DATASET START
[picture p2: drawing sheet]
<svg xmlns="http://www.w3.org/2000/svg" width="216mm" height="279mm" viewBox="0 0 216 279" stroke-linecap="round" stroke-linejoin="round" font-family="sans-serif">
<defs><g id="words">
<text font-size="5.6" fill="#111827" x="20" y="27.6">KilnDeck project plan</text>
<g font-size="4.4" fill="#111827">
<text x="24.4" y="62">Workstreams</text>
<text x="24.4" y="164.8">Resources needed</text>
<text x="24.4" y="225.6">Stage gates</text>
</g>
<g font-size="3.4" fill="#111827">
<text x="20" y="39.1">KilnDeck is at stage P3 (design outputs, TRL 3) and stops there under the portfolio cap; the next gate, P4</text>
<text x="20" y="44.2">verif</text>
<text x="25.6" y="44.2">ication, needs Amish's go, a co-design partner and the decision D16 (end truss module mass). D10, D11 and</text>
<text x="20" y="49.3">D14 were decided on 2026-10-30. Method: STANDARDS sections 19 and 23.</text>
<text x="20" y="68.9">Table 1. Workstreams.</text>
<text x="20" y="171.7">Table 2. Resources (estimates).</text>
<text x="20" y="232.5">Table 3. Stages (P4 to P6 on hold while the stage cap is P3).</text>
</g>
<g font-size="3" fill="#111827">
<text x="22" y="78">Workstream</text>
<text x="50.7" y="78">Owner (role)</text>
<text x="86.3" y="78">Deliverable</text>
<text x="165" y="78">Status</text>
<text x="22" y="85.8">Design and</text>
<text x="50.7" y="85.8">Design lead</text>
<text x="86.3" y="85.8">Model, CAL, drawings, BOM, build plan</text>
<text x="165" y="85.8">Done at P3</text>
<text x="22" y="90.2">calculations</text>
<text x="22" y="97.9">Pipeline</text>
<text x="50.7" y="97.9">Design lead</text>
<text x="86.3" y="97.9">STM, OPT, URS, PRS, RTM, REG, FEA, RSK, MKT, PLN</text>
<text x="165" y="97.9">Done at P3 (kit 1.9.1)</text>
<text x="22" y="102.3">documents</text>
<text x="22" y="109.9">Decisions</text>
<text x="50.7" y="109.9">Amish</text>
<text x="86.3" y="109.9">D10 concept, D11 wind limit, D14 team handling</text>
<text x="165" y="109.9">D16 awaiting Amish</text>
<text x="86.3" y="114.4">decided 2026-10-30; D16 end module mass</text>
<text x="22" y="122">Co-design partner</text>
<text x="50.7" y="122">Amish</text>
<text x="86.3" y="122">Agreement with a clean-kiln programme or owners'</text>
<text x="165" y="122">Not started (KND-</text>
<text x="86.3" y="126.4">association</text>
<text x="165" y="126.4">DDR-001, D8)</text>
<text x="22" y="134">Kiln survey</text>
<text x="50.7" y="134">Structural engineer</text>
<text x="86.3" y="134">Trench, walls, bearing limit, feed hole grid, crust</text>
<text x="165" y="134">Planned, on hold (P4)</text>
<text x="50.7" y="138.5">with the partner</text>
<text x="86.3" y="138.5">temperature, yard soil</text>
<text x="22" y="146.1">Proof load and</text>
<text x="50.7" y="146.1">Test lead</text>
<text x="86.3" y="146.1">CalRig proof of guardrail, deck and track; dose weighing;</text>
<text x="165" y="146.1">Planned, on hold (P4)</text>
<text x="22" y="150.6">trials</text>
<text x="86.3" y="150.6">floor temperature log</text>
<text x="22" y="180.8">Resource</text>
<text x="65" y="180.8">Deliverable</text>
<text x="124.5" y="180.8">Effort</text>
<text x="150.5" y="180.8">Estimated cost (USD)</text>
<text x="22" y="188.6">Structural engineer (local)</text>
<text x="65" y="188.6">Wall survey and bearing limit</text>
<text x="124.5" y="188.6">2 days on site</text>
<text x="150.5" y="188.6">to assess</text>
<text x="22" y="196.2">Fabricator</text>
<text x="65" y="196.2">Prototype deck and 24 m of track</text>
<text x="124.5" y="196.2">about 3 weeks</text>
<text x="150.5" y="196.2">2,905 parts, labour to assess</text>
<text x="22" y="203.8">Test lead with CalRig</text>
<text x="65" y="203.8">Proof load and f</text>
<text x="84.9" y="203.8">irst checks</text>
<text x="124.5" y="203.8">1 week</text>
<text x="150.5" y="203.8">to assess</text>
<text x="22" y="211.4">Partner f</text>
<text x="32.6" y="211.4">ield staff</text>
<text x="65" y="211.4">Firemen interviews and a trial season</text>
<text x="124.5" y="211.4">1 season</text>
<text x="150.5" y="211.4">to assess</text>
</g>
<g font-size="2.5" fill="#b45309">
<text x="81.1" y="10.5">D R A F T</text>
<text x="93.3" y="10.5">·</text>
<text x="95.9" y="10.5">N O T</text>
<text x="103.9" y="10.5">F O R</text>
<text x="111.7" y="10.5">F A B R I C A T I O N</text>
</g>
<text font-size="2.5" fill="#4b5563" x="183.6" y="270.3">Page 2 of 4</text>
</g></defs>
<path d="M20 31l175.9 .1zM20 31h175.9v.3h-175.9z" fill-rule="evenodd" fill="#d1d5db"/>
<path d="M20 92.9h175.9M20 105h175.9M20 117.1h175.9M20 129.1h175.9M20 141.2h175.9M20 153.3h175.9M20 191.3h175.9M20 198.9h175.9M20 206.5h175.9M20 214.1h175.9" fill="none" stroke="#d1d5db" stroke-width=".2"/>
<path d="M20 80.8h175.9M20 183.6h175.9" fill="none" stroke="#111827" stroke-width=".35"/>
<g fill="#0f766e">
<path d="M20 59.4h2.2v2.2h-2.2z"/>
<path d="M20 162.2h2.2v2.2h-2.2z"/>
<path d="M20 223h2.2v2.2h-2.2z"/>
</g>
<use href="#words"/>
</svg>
DATASET END
Every line in the data above has to be retyped exactly.

RESULT =
[picture p2: drawing sheet]
<svg xmlns="http://www.w3.org/2000/svg" width="216mm" height="279mm" viewBox="0 0 216 279" stroke-linecap="round" stroke-linejoin="round" font-family="sans-serif">
<defs><g id="words">
<text font-size="5.6" fill="#111827" x="20" y="27.6">KilnDeck project plan</text>
<g font-size="4.4" fill="#111827">
<text x="24.4" y="62">Workstreams</text>
<text x="24.4" y="164.8">Resources needed</text>
<text x="24.4" y="225.6">Stage gates</text>
</g>
<g font-size="3.4" fill="#111827">
<text x="20" y="39.1">KilnDeck is at stage P3 (design outputs, TRL 3) and stops there under the portfolio cap; the next gate, P4</text>
<text x="20" y="44.2">verif</text>
<text x="25.6" y="44.2">ication, needs Amish's go, a co-design partner and the decision D16 (end truss module mass). D10, D11 and</text>
<text x="20" y="49.3">D14 were decided on 2026-10-30. Method: STANDARDS sections 19 and 23.</text>
<text x="20" y="68.9">Table 1. Workstreams.</text>
<text x="20" y="171.7">Table 2. Resources (estimates).</text>
<text x="20" y="232.5">Table 3. Stages (P4 to P6 on hold while the stage cap is P3).</text>
</g>
<g font-size="3" fill="#111827">
<text x="22" y="78">Workstream</text>
<text x="50.7" y="78">Owner (role)</text>
<text x="86.3" y="78">Deliverable</text>
<text x="165" y="78">Status</text>
<text x="22" y="85.8">Design and</text>
<text x="50.7" y="85.8">Design lead</text>
<text x="86.3" y="85.8">Model, CAL, drawings, BOM, build plan</text>
<text x="165" y="85.8">Done at P3</text>
<text x="22" y="90.2">calculations</text>
<text x="22" y="97.9">Pipeline</text>
<text x="50.7" y="97.9">Design lead</text>
<text x="86.3" y="97.9">STM, OPT, URS, PRS, RTM, REG, FEA, RSK, MKT, PLN</text>
<text x="165" y="97.9">Done at P3 (kit 1.9.1)</text>
<text x="22" y="102.3">documents</text>
<text x="22" y="109.9">Decisions</text>
<text x="50.7" y="109.9">Amish</text>
<text x="86.3" y="109.9">D10 concept, D11 wind limit, D14 team handling</text>
<text x="165" y="109.9">D16 awaiting Amish</text>
<text x="86.3" y="114.4">decided 2026-10-30; D16 end module mass</text>
<text x="22" y="122">Co-design partner</text>
<text x="50.7" y="122">Amish</text>
<text x="86.3" y="122">Agreement with a clean-kiln programme or owners'</text>
<text x="165" y="122">Not started (KND-</text>
<text x="86.3" y="126.4">association</text>
<text x="165" y="126.4">DDR-001, D8)</text>
<text x="22" y="134">Kiln survey</text>
<text x="50.7" y="134">Structural engineer</text>
<text x="86.3" y="134">Trench, walls, bearing limit, feed hole grid, crust</text>
<text x="165" y="134">Planned, on hold (P4)</text>
<text x="50.7" y="138.5">with the partner</text>
<text x="86.3" y="138.5">temperature, yard soil</text>
<text x="22" y="146.1">Proof load and</text>
<text x="50.7" y="146.1">Test lead</text>
<text x="86.3" y="146.1">CalRig proof of guardrail, deck and track; dose weighing;</text>
<text x="165" y="146.1">Planned, on hold (P4)</text>
<text x="22" y="150.6">trials</text>
<text x="86.3" y="150.6">floor temperature log</text>
<text x="22" y="180.8">Resource</text>
<text x="65" y="180.8">Deliverable</text>
<text x="124.5" y="180.8">Effort</text>
<text x="150.5" y="180.8">Estimated cost (USD)</text>
<text x="22" y="188.6">Structural engineer (local)</text>
<text x="65" y="188.6">Wall survey and bearing limit</text>
<text x="124.5" y="188.6">2 days on site</text>
<text x="150.5" y="188.6">to assess</text>
<text x="22" y="196.2">Fabricator</text>
<text x="65" y="196.2">Prototype deck and 24 m of track</text>
<text x="124.5" y="196.2">about 3 weeks</text>
<text x="150.5" y="196.2">2,905 parts, labour to assess</text>
<text x="22" y="203.8">Test lead with CalRig</text>
<text x="65" y="203.8">Proof load and f</text>
<text x="84.9" y="203.8">irst checks</text>
<text x="124.5" y="203.8">1 week</text>
<text x="150.5" y="203.8">to assess</text>
<text x="22" y="211.4">Partner f</text>
<text x="32.6" y="211.4">ield staff</text>
<text x="65" y="211.4">Firemen interviews and a trial season</text>
<text x="124.5" y="211.4">1 season</text>
<text x="150.5" y="211.4">to assess</text>
</g>
<g font-size="2.5" fill="#b45309">
<text x="81.1" y="10.5">D R A F T</text>
<text x="93.3" y="10.5">·</text>
<text x="95.9" y="10.5">N O T</text>
<text x="103.9" y="10.5">F O R</text>
<text x="111.7" y="10.5">F A B R I C A T I O N</text>
</g>
<text font-size="2.5" fill="#4b5563" x="183.6" y="270.3">Page 2 of 4</text>
</g></defs>
<path d="M20 31l175.9 .1zM20 31h175.9v.3h-175.9z" fill-rule="evenodd" fill="#d1d5db"/>
<path d="M20 92.9h175.9M20 105h175.9M20 117.1h175.9M20 129.1h175.9M20 141.2h175.9M20 153.3h175.9M20 191.3h175.9M20 198.9h175.9M20 206.5h175.9M20 214.1h175.9" fill="none" stroke="#d1d5db" stroke-width=".2"/>
<path d="M20 80.8h175.9M20 183.6h175.9" fill="none" stroke="#111827" stroke-width=".35"/>
<g fill="#0f766e">
<path d="M20 59.4h2.2v2.2h-2.2z"/>
<path d="M20 162.2h2.2v2.2h-2.2z"/>
<path d="M20 223h2.2v2.2h-2.2z"/>
</g>
<use href="#words"/>
</svg>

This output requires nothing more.